The only Suezmax sale for demolition of note in the two-month period was of the Teekay and Stena jointly owned Stena Spirit, a 2001-built Suezmax shuttle tanker. In its 2017 annual report, Teekay Shuttle Tanker LLC noted that the “carrying value of the Nordic Spirit and Stena Spirit shuttle tankers were written down to their estimated fair values, using appraised values.
“As notice of redelivery was received by the company in April 2018, the vessels are expected to redeliver from their charterer after completing their bareboat charter contracts in June 2018 and the company has adjusted its expectations for the vessels’ future opportunities.

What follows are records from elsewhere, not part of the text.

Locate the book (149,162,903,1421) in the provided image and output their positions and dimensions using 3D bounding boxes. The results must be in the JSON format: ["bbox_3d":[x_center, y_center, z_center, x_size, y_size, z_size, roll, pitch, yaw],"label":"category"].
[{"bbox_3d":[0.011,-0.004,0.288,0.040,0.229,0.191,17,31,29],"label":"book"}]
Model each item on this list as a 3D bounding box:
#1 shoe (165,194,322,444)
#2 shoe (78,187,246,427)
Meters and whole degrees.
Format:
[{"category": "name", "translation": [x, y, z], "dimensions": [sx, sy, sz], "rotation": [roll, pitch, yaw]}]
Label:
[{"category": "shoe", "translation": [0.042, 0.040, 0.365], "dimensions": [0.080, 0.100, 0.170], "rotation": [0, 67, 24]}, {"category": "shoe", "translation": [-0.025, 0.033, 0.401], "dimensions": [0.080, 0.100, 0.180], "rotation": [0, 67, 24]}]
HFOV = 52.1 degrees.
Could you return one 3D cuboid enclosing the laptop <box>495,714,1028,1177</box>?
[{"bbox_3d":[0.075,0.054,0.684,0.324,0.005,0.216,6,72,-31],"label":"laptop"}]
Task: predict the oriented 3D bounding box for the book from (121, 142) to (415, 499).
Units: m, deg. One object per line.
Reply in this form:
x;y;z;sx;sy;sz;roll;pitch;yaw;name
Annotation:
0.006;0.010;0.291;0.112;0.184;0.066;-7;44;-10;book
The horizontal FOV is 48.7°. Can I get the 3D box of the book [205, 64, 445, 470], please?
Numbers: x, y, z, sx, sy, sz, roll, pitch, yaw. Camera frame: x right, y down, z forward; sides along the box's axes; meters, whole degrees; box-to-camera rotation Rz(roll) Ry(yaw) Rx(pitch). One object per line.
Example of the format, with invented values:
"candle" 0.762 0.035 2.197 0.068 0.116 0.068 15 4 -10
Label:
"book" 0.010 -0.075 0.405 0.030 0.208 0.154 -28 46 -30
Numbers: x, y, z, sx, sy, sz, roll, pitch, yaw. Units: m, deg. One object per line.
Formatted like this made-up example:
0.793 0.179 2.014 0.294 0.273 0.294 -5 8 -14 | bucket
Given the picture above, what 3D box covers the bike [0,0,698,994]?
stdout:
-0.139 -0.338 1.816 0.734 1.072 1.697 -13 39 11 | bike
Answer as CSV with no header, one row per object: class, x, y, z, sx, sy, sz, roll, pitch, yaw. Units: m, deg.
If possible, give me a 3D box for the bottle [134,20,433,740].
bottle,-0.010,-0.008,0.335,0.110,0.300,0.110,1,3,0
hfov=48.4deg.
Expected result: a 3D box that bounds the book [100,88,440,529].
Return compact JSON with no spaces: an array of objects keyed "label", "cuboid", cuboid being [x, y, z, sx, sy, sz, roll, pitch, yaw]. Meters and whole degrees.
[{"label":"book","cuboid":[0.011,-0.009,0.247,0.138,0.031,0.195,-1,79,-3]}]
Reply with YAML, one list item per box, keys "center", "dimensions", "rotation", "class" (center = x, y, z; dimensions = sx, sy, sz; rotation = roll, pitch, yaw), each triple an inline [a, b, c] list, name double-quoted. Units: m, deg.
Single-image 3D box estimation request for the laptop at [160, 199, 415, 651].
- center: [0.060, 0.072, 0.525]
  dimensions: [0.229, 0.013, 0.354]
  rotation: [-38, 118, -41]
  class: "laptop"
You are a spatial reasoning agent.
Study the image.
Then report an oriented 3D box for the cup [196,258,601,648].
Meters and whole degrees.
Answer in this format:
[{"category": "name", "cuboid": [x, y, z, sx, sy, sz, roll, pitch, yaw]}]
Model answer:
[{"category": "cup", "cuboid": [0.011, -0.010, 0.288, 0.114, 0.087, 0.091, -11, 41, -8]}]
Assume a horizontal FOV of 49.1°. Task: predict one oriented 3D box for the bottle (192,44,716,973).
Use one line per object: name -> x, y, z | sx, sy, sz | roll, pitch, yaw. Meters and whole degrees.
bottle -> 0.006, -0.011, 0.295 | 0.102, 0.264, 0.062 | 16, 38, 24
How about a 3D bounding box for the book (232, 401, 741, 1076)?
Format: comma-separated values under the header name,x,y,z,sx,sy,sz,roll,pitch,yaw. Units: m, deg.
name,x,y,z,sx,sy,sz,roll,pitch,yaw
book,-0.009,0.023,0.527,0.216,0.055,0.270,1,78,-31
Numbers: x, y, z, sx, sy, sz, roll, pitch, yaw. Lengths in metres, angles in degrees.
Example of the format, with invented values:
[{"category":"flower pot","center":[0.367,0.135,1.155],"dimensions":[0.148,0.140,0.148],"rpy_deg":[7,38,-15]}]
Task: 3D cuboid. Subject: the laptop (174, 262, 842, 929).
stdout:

The write-down related to these vessels is US$28.5M, of which US$14.2M is included in a 50%-owned subsidiary of the company.”
Which means that although the scrap price for the sale of the Stena Spirit was not disclosed, it would seem that Teekay Shuttle Tanker LLC was not left out of pocket from the disposal.
Six Aframax tankers were sold for scrap in the two-month period, with the stand-out sale being that of the 2005-built C V Stealth. As well as being only 13-years old at the time of the sale, the reported price was only US$193/ldt. This was due to the circumstances surrounding the sale; it is reported that Stealth Maritime (Vafias family company) had chartered out the tanker to third parties to load a cargo in Venezuela. The vessel was arrested in Venezuela in 2014, with the charterer accused of trying to lift a stolen national oil company cargo using forged documents.
The vessel was idle for three years, during which time the ship suffered significant damage. Once released, now out of class and with a broken main engine, the renamed CV Stealth was towed to Trinidad and sold under “as is” terms. The case remains under litigation.